John Blischak 2014-05-14
Multiple users have observed that submitting jobs via Snakemake requires much more memory than is necessary to run the command (e.g. mailing list post, Bitbucket issue).
To document and explore this issue, I have created a few scripts to recreate the problem. The task to perform is simply sleeping for a short, random period of time and then creating a file. For comparison, I run this 100 times using three methods:
- shell - sumbit the job directly via the Bash shell
- subprocess - submit the job to qsub via the Python subprocess module
- snakemake - submit the job via Snakemake
The analysis can be run using the commands below. The argument passed to the scripts is an ID number for that particular run. The first script should be run on the head node from within this directory.
bash submit_all.sh 01
bash check_and_clean.sh 01
bash analyze.sh 01
The virtual memory usage is similar (and minimal) when using the shell or subprocess. However, the virutal memory is increased by an order of magnitude when using Snakemake. Furthermore, the virtual memory requirements for Snakemake also fluctuate by over 1G, which is more than the total virtual memory requirement for the other two methods.
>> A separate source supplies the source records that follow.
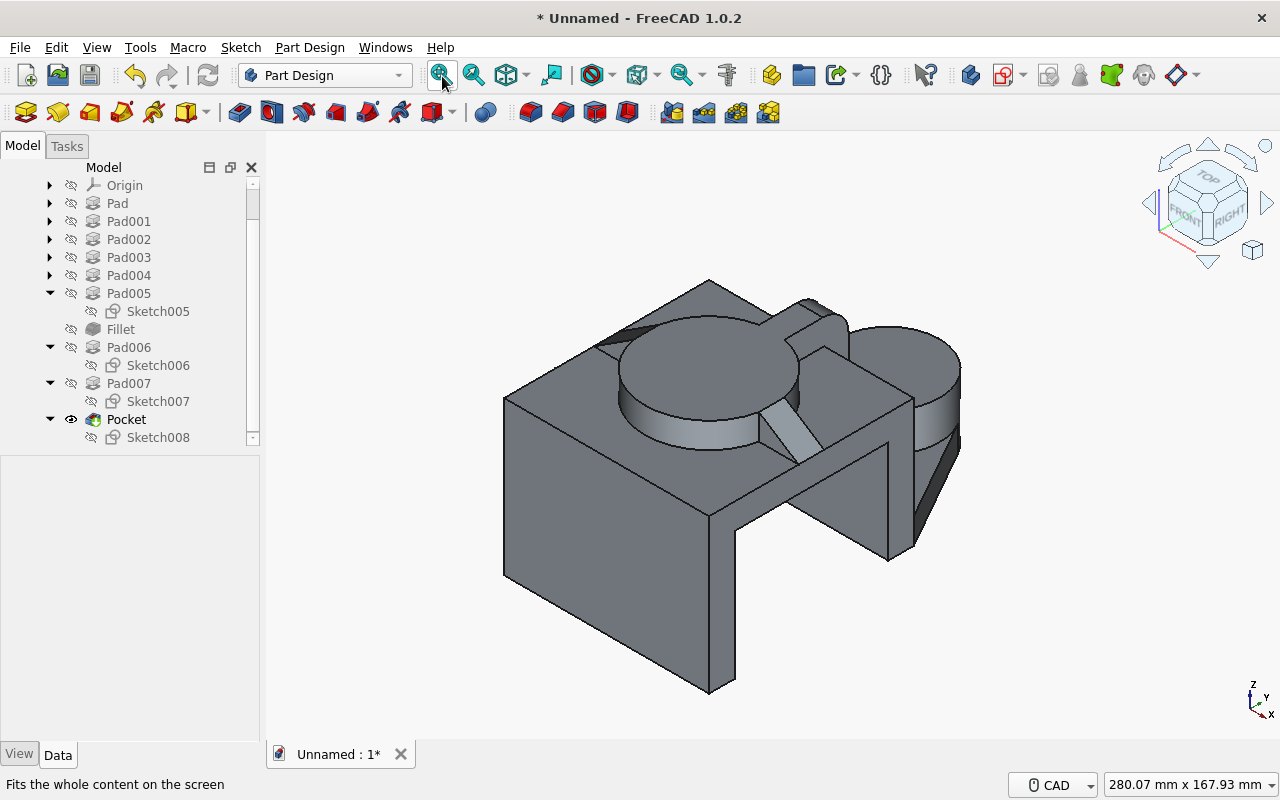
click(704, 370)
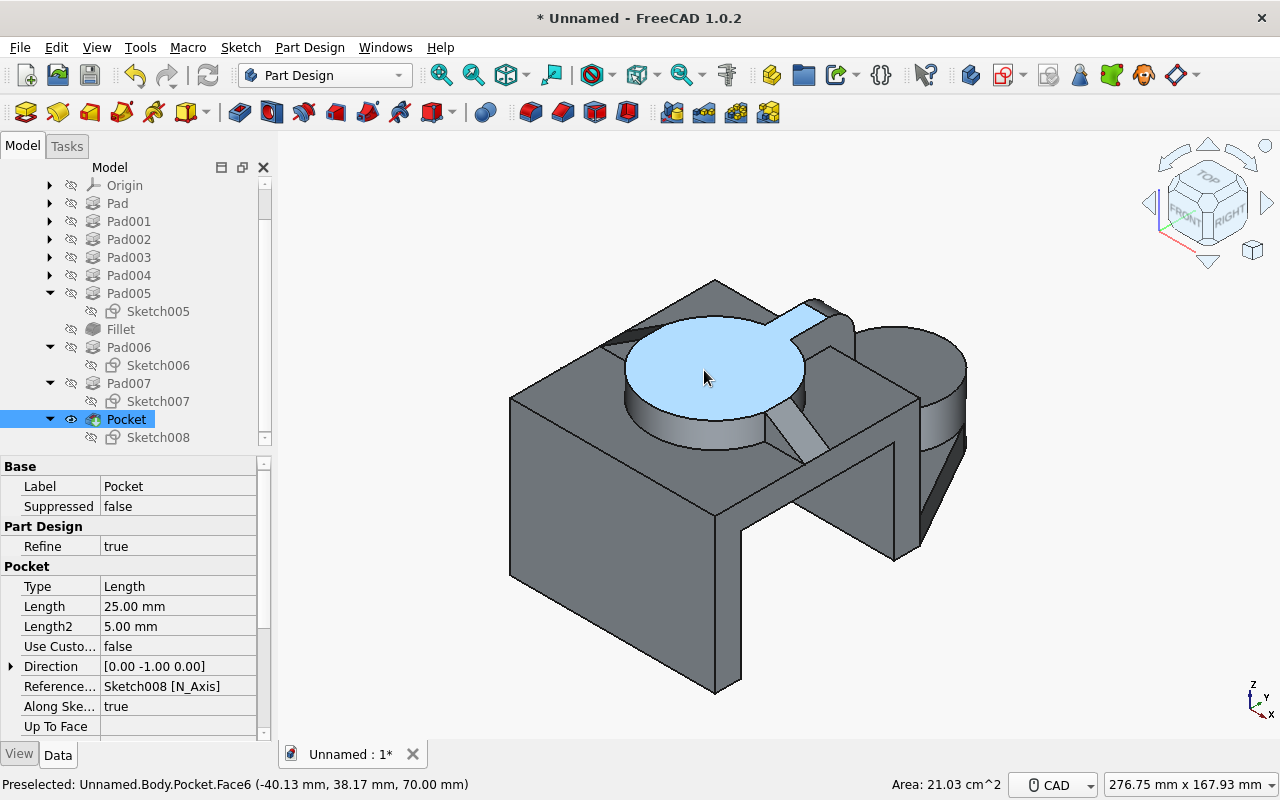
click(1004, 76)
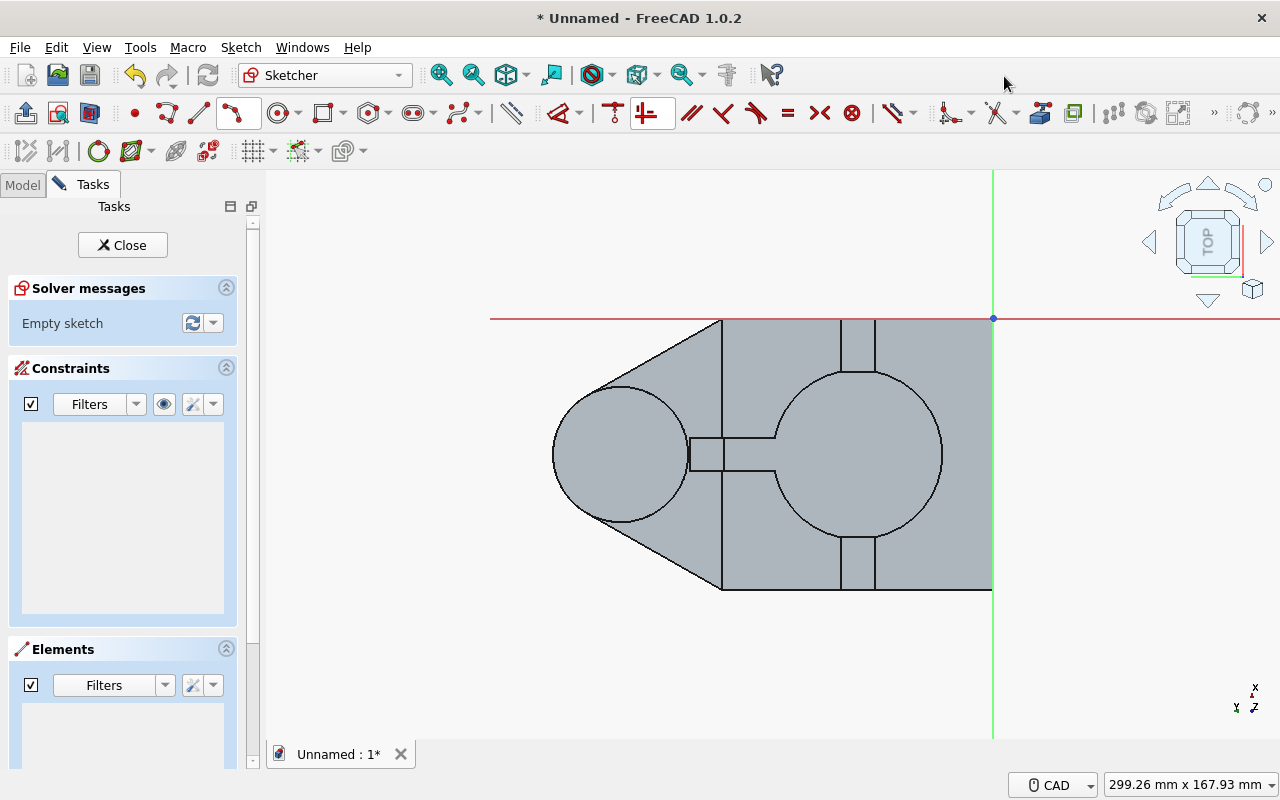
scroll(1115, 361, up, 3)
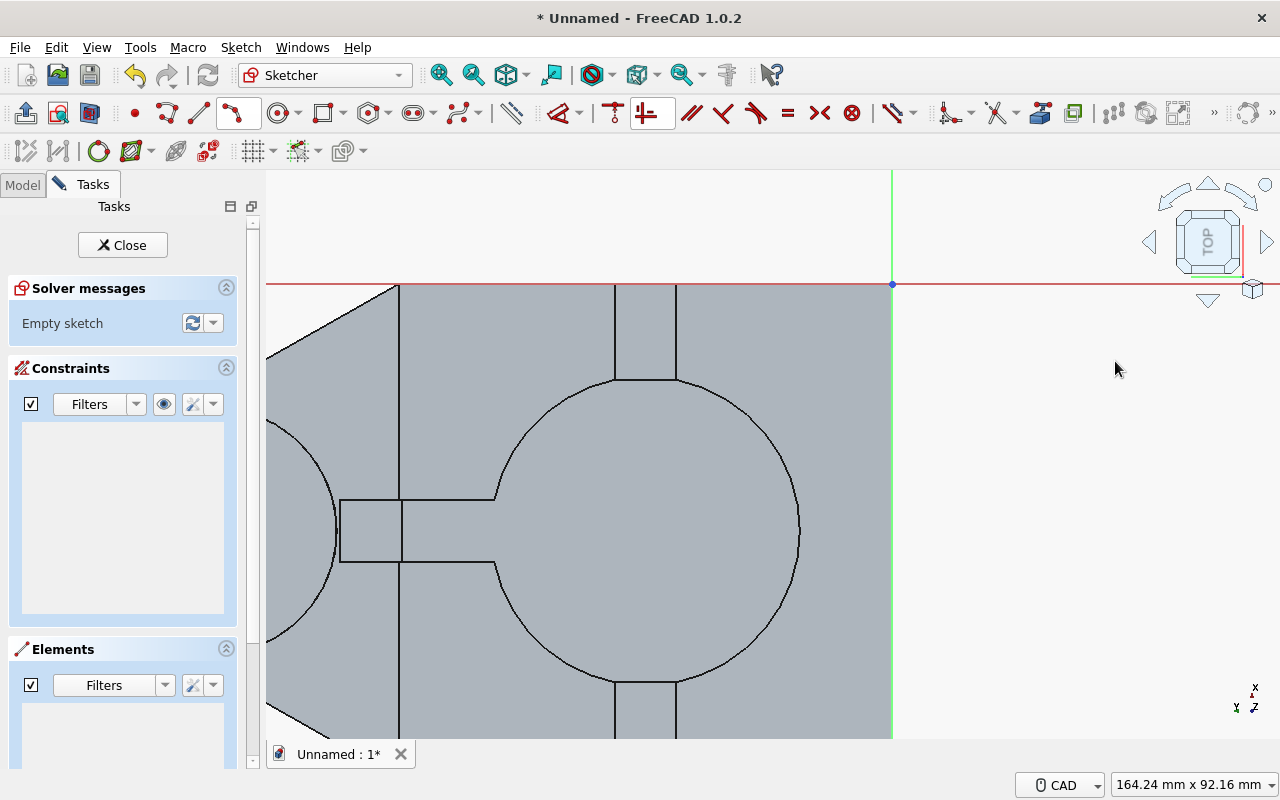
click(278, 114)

The commands run through shell had the following distribution of virtual memory usage:
- 14 119.848M
- 83 119.910M
- 3 119.926M
The commands run through subprocess had the following distribution of virtual memory usage:
- 9 119.848M
- 88 119.910M
- 3 119.926M
The commands run through snakemake had the following distribution of virtual memory usage:
- 82 1.440G
- 1 1.441G
- 2 2.558G
- 15 2.559G
I used the following software versions:
- Red Hat Enterprise Linux Server release 5.4
- Sun Grid Engine 6.2u3
- Python 3.3.4
- Snakemake 2.5.1
Files:
- analyze.sh - Retrieves the virtual memory usage via qacct
- check_and_clean.sh - Reports if the jobs finished and removes all files
- submit_all.sh - runs all three methods (run from the head node)
- Snakefile - creates file via Snakemake
- submit.py - creates file via subprocess
- submit.sh - creates file via shell